TASK TO COMPLETE - Lines with "Document": pull these out of the listing below.

RECORDS TO USE -
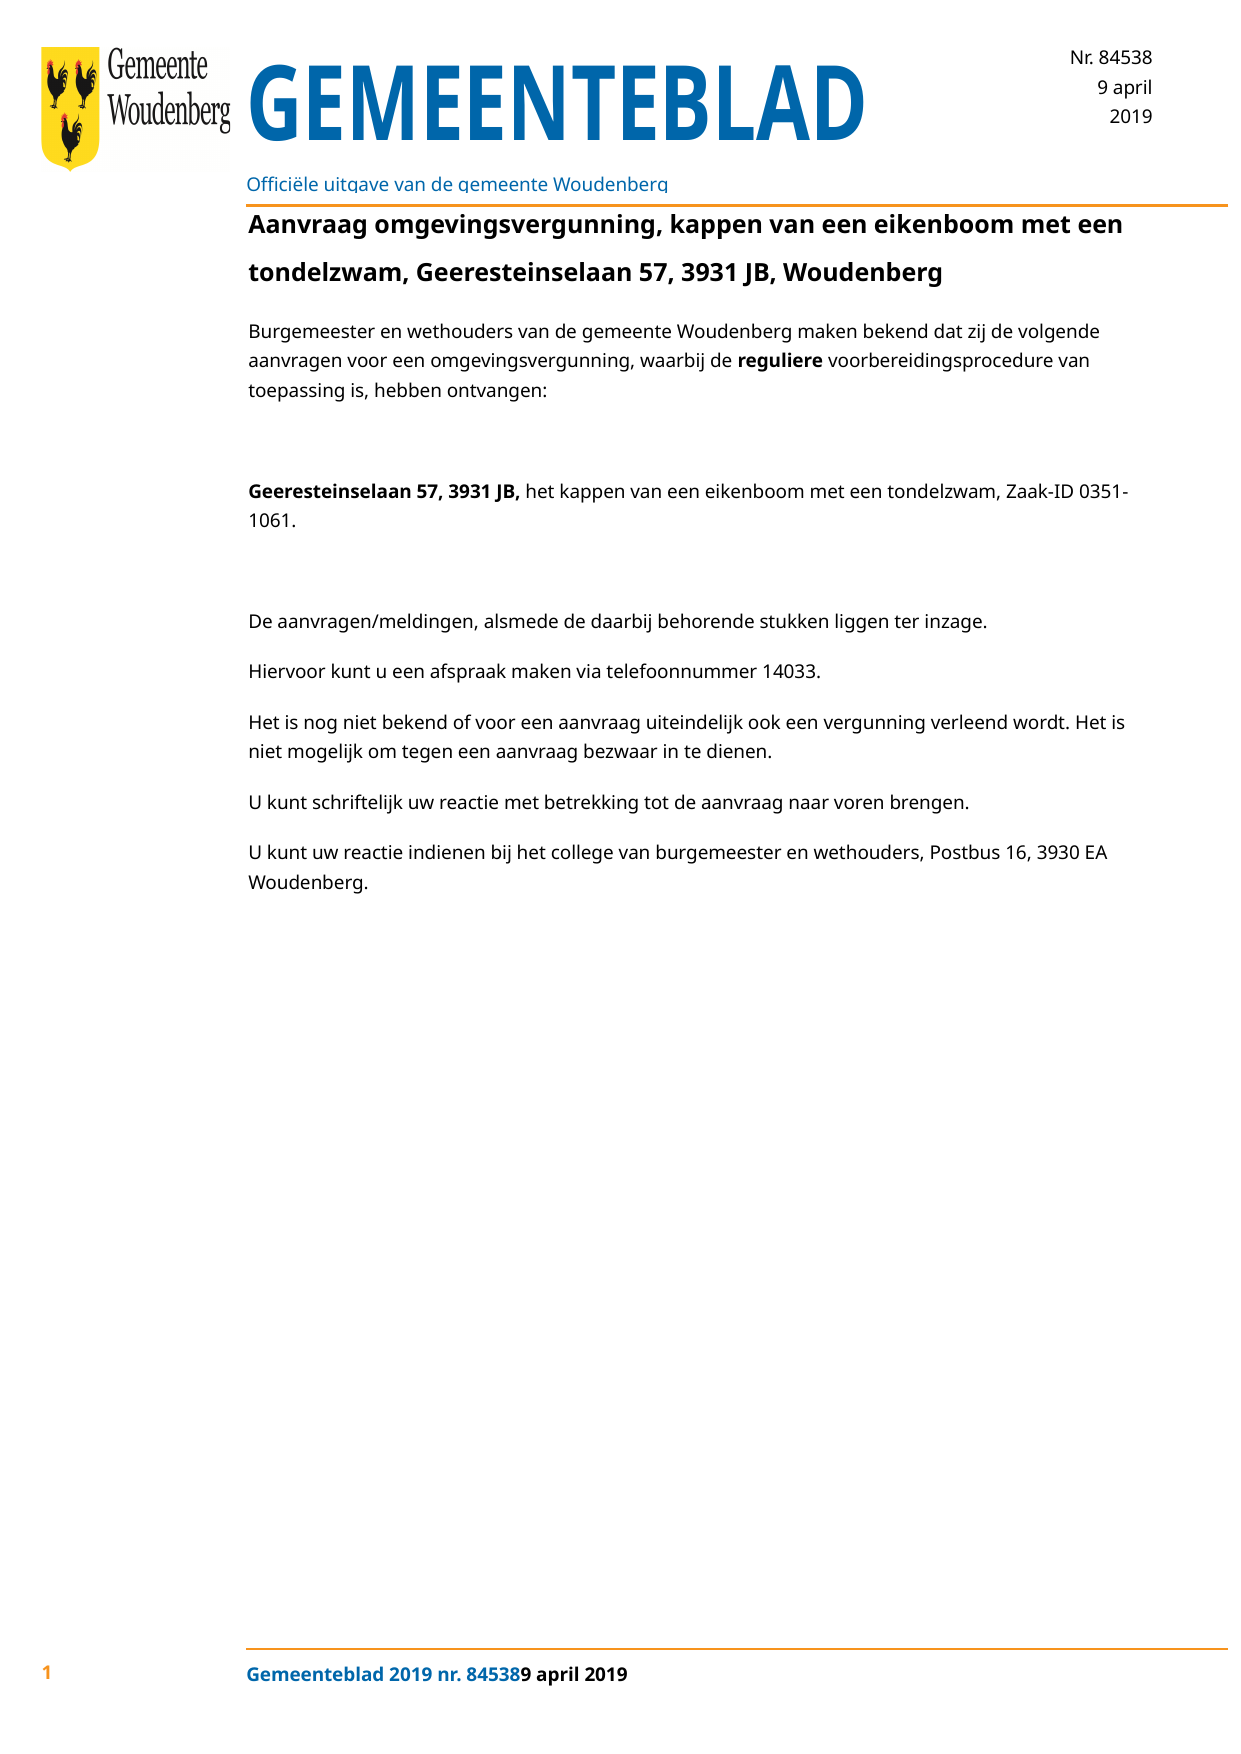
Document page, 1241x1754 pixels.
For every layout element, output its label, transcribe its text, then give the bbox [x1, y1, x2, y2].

text Geeresteinselaan 57, 3931 JB, het kappen van een eikenboom met een tondelzwam, Zaak-ID 0351-1061. [248, 478, 1152, 533]
text Het is nog niet bekend of voor een aanvraag uiteindelijk ook een vergunning verleend wordt. Het is niet mogelijk om tegen een aanvraag bezwaar in te dienen. [248, 709, 1152, 764]
text Aanvraag omgevingsvergunning, kappen van een eikenboom met een tondelzwam, Geeresteinselaan 57, 3931 JB, Woudenberg [248, 207, 1152, 288]
text Hiervoor kunt u een afspraak maken via telefoonnummer 14033. [248, 659, 1152, 684]
picture [41, 47, 231, 172]
text Burgemeester en wethouders van de gemeente Woudenberg maken bekend dat zij de volgende aanvragen voor een omgevingsvergunning, waarbij de reguliere voorbereidingsprocedure van toepassing is, hebben ontvangen: [248, 318, 1152, 403]
text U kunt uw reactie indienen bij het college van burgemeester en wethouders, Postbus 16, 3930 EA Woudenberg. [248, 839, 1152, 895]
text U kunt schriftelijk uw reactie met betrekking tot de aanvraag naar voren brengen. [248, 789, 1152, 815]
text De aanvragen/meldingen, alsmede de daarbij behorende stukken liggen ter inzage. [248, 608, 1152, 634]
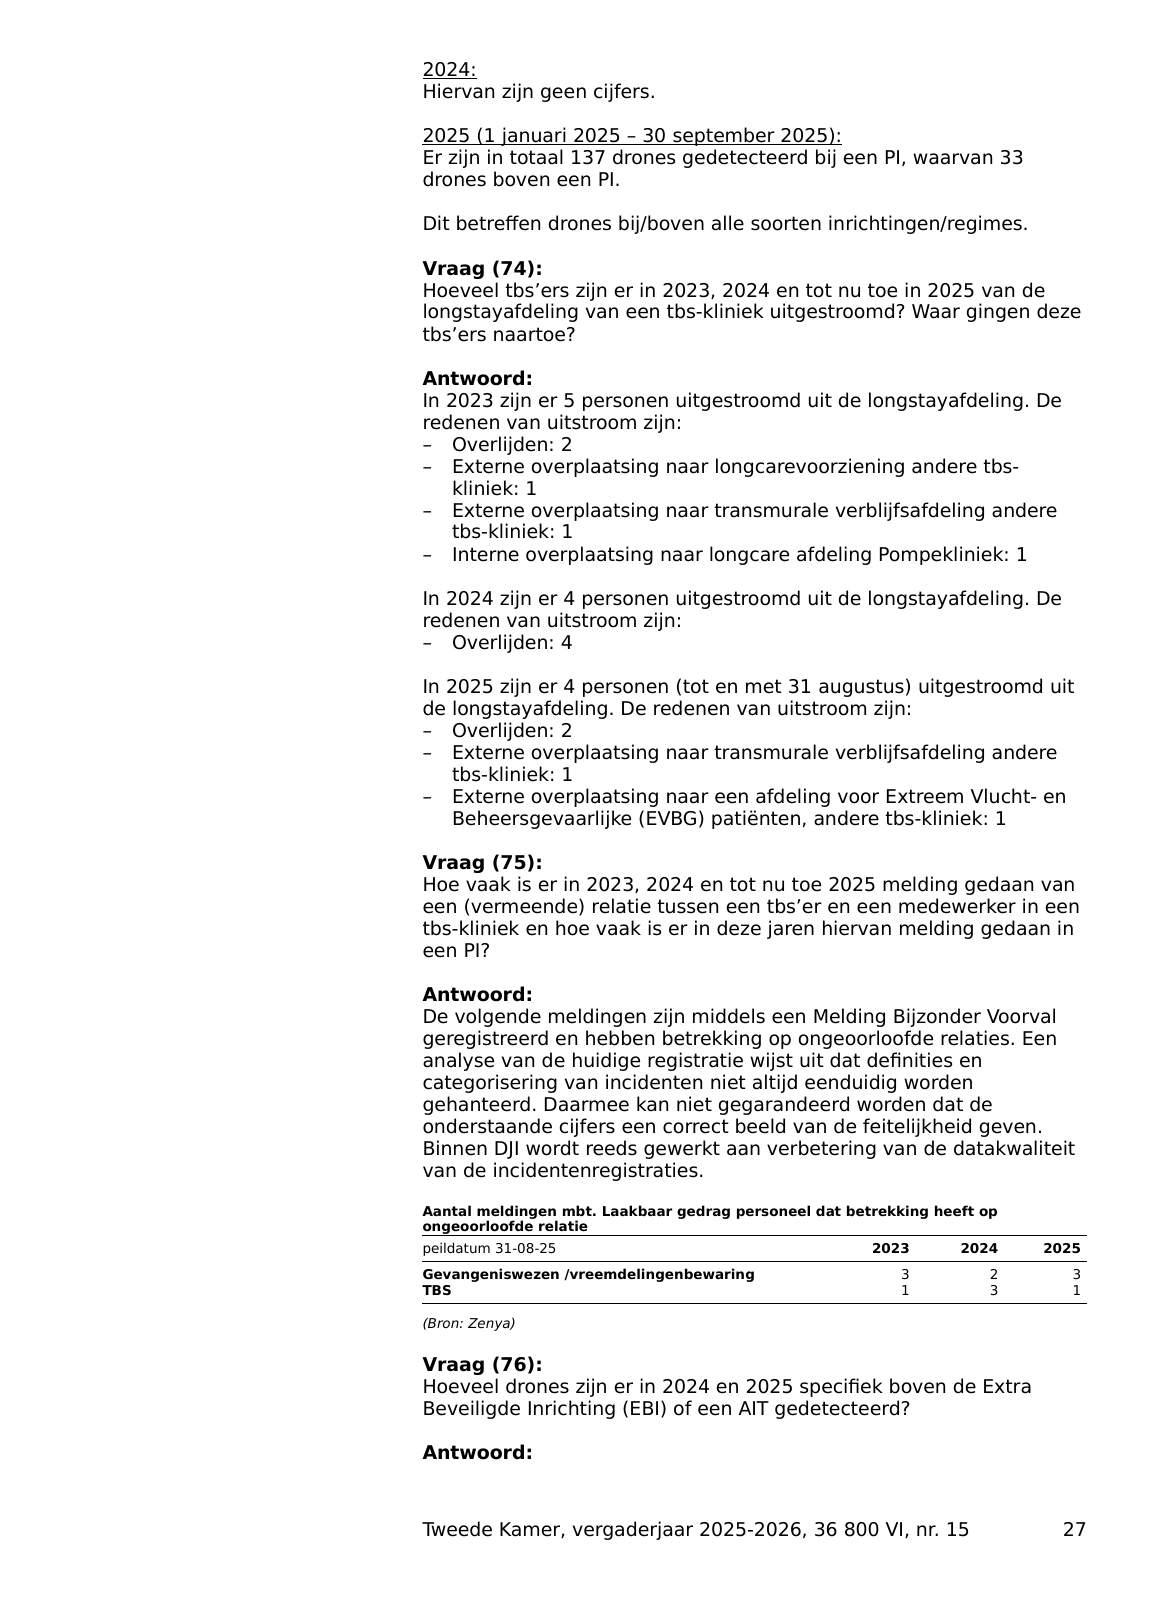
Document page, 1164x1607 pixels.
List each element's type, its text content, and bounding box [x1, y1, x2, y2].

SOLVED EXERCISE -
Document page, 1241x1754 pixels.
Document page, 1164x1607 pixels.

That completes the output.